PROVIDED RECORDS START

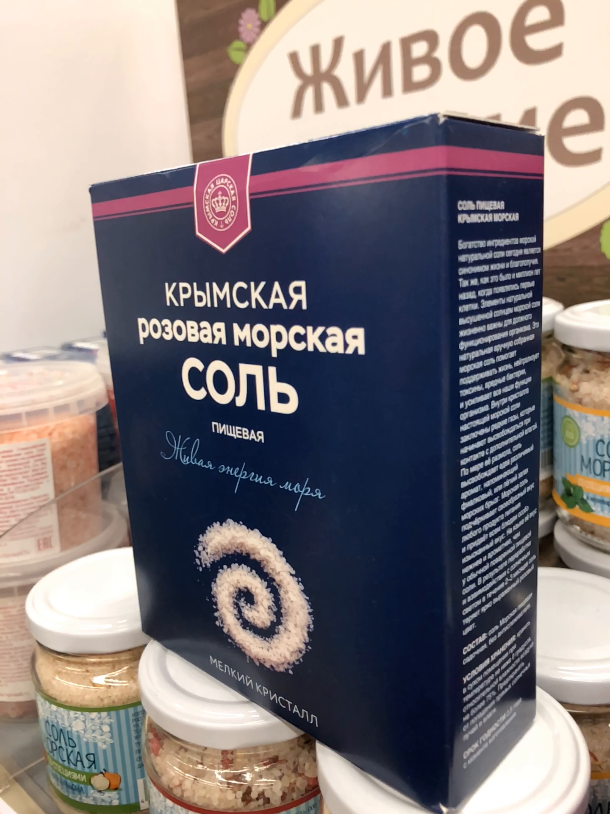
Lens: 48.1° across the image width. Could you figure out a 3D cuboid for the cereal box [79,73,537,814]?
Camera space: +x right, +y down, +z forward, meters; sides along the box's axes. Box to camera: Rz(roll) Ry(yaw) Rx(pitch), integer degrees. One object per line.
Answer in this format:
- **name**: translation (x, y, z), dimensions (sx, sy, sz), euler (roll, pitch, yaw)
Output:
- **cereal box**: translation (-0.004, 0.005, 0.187), dimensions (0.120, 0.149, 0.040), euler (9, 18, 43)

PROVIDED RECORDS END

Pull out every line of the records that includes the string "roll".

> [RESULT OF THE EXERCISE]
Camera space: +x right, +y down, +z forward, meters; sides along the box's axes. Box to camera: Rz(roll) Ry(yaw) Rx(pitch), integer degrees. One object per line.
- **name**: translation (x, y, z), dimensions (sx, sy, sz), euler (roll, pitch, yaw)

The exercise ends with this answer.